The data: Begin
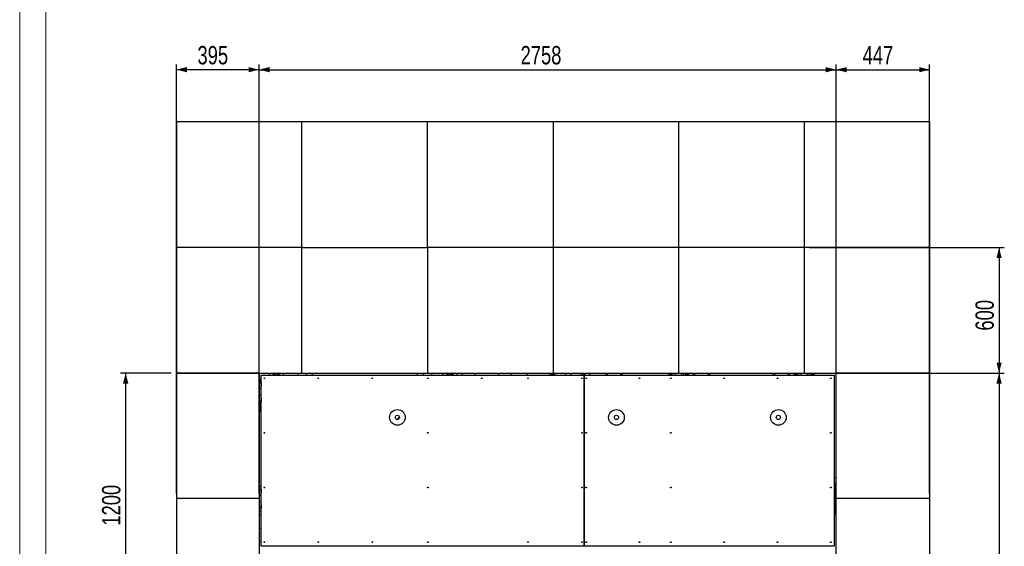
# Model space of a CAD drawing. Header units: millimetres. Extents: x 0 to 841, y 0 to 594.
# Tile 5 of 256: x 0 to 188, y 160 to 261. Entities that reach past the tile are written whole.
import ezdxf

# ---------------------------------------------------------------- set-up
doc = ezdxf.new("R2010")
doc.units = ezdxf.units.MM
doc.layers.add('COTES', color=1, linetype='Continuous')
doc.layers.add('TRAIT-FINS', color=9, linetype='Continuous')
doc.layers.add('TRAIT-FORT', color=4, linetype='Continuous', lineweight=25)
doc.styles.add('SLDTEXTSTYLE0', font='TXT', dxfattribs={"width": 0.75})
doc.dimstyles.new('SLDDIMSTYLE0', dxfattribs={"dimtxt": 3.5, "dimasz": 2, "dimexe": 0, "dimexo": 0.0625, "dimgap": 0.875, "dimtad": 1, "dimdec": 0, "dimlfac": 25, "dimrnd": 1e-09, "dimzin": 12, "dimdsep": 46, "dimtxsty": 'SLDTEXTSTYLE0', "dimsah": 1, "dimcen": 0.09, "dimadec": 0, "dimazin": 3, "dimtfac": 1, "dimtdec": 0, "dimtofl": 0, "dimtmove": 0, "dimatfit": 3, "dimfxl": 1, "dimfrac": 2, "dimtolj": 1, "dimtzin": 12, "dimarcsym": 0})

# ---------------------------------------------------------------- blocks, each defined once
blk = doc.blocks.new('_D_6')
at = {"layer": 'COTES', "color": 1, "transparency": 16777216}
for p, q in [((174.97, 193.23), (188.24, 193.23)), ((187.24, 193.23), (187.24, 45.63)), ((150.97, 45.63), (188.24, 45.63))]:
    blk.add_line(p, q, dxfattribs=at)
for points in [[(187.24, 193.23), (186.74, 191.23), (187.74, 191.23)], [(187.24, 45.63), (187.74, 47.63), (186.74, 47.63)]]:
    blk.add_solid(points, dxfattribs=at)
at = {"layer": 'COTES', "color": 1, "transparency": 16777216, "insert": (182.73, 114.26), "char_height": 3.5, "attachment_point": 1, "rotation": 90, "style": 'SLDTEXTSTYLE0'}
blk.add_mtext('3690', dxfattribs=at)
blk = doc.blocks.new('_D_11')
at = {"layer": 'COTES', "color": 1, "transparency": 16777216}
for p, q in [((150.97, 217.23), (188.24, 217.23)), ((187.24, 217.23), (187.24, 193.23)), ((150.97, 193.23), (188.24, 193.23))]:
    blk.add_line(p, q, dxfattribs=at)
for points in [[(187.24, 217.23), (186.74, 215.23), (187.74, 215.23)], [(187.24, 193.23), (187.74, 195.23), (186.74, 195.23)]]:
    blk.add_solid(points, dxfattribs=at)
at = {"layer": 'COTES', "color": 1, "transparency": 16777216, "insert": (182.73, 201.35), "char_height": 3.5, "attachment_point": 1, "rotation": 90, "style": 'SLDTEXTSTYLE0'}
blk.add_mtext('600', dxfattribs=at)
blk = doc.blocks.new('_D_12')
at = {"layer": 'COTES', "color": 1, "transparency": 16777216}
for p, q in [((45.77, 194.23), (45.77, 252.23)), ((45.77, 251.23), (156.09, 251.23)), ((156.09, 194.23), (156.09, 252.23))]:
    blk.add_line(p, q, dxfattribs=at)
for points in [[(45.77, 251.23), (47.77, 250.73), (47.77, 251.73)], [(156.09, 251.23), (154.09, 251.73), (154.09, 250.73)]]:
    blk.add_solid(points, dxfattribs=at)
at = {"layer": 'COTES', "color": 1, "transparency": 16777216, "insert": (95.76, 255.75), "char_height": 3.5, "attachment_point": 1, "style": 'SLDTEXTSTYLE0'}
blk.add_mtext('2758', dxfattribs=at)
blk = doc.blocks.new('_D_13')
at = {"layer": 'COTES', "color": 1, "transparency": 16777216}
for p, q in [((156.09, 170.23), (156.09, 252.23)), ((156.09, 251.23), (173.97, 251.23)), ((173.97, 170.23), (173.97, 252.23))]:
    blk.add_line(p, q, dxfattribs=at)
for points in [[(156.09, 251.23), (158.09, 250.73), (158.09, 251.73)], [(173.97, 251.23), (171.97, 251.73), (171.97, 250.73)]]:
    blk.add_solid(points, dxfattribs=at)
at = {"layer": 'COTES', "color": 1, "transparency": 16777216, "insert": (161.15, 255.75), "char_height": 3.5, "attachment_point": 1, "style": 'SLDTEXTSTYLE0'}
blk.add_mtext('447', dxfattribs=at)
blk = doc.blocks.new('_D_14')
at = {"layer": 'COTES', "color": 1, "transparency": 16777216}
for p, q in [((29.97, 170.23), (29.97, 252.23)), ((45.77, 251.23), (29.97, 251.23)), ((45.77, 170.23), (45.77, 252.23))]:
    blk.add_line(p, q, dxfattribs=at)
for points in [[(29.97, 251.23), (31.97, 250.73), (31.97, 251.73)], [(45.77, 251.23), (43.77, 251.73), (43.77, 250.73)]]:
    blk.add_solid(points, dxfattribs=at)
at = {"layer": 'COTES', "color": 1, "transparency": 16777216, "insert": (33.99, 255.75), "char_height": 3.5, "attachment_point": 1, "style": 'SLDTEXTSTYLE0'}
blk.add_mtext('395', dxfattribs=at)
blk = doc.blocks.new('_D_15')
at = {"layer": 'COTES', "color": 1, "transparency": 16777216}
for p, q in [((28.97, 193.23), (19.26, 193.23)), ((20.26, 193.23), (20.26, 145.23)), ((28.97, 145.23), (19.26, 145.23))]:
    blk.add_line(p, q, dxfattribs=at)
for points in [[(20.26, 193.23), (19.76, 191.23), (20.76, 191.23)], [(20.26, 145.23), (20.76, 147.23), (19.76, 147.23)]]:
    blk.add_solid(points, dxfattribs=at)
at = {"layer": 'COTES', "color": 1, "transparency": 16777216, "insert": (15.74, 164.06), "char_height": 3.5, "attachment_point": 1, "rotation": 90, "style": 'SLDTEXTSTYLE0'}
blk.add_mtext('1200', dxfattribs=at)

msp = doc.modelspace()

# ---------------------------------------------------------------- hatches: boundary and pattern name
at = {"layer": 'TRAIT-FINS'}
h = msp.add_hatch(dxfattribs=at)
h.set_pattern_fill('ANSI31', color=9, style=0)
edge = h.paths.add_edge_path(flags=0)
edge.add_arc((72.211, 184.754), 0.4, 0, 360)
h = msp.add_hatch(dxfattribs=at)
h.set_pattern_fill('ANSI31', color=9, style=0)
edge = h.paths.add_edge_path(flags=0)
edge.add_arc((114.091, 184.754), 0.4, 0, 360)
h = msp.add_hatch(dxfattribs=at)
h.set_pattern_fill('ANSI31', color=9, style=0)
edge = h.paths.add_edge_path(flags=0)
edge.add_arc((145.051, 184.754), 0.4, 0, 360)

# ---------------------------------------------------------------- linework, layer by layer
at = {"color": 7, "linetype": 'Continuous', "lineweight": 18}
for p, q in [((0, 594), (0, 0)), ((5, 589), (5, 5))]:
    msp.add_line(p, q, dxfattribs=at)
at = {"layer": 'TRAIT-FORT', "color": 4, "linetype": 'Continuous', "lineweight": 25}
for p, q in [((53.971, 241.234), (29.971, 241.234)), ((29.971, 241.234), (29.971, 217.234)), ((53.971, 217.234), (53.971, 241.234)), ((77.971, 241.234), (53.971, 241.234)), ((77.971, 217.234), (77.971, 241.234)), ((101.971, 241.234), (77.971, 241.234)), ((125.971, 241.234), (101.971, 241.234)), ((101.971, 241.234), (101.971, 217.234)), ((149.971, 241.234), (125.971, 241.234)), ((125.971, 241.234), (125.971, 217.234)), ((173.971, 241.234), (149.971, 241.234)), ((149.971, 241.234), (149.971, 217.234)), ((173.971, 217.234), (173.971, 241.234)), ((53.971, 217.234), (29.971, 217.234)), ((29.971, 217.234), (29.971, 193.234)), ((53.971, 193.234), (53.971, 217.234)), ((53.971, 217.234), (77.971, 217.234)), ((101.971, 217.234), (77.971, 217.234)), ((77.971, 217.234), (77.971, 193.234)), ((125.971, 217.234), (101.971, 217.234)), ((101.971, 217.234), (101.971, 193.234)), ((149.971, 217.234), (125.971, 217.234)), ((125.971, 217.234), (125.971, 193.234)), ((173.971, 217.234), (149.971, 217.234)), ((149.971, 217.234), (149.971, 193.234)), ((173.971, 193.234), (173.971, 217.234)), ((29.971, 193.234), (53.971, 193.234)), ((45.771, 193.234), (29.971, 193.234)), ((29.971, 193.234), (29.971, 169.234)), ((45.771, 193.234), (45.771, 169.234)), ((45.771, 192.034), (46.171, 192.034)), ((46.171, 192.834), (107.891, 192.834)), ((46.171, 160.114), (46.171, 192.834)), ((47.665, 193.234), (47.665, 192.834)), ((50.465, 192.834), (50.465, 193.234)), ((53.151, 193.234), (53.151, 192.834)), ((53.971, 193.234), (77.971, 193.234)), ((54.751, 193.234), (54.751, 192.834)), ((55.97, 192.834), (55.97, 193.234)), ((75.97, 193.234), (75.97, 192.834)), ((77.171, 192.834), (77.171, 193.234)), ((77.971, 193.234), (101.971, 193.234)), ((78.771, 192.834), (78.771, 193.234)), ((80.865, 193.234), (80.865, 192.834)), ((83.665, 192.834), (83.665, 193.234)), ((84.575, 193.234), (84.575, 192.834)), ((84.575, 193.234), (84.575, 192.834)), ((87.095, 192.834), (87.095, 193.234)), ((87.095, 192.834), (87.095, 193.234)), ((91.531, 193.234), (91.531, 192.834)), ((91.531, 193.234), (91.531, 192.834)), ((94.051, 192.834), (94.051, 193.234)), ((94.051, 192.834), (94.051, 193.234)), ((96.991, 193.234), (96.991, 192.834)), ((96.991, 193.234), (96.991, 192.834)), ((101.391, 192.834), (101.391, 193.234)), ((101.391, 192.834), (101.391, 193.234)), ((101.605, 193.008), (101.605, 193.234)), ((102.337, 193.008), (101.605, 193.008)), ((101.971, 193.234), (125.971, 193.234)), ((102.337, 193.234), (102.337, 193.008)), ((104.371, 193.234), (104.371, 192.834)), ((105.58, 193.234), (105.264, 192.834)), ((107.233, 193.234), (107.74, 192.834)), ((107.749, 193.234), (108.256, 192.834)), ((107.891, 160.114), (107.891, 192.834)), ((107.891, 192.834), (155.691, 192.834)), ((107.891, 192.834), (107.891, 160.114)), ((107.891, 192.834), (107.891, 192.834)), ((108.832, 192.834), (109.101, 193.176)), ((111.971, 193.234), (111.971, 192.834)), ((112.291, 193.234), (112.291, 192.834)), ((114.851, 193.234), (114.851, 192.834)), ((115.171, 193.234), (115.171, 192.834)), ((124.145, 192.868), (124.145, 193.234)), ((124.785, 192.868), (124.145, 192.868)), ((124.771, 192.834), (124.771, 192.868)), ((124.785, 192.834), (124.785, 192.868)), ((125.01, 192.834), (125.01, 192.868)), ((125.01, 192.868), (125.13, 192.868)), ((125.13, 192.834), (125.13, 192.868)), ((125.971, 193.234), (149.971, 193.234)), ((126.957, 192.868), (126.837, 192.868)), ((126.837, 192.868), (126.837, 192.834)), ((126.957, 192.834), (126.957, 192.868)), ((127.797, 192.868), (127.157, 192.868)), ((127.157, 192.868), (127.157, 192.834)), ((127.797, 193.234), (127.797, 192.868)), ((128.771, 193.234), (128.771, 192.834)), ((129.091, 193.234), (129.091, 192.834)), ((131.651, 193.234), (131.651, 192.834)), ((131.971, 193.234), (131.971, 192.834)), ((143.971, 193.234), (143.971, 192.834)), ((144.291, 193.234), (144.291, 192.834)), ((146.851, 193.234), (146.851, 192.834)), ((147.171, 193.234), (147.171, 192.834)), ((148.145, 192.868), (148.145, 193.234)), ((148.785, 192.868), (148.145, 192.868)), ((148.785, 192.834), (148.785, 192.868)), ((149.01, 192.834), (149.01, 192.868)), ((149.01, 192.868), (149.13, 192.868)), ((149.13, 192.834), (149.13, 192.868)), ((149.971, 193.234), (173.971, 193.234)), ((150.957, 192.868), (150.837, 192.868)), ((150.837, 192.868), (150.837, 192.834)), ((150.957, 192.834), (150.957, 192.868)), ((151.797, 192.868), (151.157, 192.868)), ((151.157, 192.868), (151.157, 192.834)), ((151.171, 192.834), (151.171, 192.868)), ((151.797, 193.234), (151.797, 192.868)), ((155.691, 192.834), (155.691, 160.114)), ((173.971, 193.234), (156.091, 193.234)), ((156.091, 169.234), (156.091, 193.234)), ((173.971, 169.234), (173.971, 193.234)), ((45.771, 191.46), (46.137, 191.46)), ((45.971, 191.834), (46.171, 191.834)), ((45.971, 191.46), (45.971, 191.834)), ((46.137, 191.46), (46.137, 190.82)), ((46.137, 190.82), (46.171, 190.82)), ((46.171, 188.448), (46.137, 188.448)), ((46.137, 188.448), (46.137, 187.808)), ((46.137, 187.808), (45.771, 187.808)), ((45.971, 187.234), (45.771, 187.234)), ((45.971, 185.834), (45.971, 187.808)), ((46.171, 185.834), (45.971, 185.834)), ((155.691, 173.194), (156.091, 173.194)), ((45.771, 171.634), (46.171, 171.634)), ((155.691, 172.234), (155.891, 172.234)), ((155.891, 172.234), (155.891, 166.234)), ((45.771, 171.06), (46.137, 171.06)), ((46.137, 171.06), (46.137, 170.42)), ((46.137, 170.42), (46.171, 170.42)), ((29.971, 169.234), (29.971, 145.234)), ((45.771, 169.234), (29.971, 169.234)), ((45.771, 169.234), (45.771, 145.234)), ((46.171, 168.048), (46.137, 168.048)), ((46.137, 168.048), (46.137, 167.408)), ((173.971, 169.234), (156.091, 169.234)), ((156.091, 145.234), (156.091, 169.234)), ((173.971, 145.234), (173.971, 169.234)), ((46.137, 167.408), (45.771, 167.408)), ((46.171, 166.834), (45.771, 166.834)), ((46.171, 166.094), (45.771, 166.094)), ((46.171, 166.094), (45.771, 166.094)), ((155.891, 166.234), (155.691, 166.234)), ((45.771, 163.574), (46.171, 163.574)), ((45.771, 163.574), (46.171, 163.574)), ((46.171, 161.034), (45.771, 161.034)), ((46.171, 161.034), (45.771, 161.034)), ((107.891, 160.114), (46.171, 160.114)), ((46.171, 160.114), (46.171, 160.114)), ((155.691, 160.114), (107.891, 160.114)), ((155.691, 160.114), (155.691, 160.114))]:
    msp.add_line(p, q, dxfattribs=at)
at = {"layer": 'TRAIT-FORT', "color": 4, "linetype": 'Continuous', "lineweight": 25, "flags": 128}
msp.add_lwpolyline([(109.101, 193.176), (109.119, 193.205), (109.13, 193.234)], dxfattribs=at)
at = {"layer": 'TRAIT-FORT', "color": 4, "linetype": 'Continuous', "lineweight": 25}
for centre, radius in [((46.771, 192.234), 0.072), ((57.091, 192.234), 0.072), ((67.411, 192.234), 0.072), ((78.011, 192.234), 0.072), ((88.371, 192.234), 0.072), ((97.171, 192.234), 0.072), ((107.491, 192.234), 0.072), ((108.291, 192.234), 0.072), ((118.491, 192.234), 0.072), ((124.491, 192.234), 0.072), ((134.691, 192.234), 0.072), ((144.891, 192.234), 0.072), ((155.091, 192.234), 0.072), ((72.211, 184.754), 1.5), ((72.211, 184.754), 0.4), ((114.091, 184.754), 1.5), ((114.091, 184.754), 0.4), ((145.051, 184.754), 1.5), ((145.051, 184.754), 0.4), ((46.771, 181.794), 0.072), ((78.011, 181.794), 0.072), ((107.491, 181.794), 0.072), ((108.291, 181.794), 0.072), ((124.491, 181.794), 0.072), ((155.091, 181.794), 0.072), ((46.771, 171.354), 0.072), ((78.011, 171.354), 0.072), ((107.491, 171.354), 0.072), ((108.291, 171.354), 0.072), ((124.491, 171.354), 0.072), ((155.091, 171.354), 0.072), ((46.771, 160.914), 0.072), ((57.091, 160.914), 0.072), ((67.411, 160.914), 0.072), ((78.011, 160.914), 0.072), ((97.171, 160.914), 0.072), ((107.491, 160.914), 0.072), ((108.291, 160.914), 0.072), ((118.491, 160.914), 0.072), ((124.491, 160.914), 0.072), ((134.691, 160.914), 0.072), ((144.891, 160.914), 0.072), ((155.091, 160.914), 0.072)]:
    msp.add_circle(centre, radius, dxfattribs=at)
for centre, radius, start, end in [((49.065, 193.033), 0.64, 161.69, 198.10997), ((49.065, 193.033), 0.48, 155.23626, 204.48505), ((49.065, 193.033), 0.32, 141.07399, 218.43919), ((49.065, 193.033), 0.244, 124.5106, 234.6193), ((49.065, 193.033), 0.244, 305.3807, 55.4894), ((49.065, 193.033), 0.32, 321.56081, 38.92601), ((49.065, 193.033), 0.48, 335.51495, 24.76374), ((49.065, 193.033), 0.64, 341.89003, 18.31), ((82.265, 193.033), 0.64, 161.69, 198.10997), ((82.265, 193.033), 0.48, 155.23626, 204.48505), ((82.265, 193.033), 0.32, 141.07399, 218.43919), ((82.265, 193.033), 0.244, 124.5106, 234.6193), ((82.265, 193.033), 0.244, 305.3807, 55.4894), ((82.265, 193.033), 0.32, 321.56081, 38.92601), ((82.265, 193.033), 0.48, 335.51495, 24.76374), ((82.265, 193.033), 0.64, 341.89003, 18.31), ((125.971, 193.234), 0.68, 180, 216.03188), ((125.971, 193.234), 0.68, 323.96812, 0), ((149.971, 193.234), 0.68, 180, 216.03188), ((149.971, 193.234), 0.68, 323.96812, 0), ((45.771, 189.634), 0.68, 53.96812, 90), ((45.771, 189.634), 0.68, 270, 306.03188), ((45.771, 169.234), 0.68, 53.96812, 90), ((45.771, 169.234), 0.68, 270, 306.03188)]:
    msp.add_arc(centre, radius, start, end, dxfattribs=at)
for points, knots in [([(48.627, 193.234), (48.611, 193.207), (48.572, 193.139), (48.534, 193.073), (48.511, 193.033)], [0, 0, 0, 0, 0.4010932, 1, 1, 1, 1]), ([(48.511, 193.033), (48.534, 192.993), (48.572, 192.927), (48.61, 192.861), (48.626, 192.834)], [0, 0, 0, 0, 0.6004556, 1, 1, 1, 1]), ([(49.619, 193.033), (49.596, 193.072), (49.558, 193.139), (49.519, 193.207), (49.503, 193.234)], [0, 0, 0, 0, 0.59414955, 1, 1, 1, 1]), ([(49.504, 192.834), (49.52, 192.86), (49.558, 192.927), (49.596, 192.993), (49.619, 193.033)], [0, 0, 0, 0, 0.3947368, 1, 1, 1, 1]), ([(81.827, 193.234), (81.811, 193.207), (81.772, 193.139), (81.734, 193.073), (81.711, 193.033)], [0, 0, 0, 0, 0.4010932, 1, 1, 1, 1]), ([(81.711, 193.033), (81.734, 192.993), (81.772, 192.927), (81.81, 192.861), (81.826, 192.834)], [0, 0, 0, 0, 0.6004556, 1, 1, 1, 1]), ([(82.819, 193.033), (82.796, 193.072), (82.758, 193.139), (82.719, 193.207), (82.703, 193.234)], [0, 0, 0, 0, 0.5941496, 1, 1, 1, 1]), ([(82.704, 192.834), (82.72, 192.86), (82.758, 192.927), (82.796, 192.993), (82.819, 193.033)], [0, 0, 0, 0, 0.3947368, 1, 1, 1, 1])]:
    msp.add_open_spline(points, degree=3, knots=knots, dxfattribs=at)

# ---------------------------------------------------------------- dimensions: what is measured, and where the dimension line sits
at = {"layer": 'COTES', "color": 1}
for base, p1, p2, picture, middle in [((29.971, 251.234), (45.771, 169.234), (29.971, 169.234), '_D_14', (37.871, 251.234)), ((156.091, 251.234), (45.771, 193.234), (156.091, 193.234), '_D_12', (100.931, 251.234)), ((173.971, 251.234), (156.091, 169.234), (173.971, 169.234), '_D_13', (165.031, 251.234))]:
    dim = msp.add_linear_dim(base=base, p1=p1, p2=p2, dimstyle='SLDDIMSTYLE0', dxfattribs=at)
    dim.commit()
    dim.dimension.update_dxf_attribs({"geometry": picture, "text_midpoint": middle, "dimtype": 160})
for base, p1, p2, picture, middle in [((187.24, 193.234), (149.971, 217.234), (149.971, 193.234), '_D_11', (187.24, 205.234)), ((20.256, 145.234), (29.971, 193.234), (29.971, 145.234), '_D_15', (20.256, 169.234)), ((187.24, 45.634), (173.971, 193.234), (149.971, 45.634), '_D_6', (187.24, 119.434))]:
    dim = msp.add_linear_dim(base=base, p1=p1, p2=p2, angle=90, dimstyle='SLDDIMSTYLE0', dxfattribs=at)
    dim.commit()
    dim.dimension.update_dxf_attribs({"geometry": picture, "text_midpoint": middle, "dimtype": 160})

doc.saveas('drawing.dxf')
The data: End
**Work to be completed**. Count how many lines in the entries above hold the word "start". Give that number by itself.

**Response below**. 2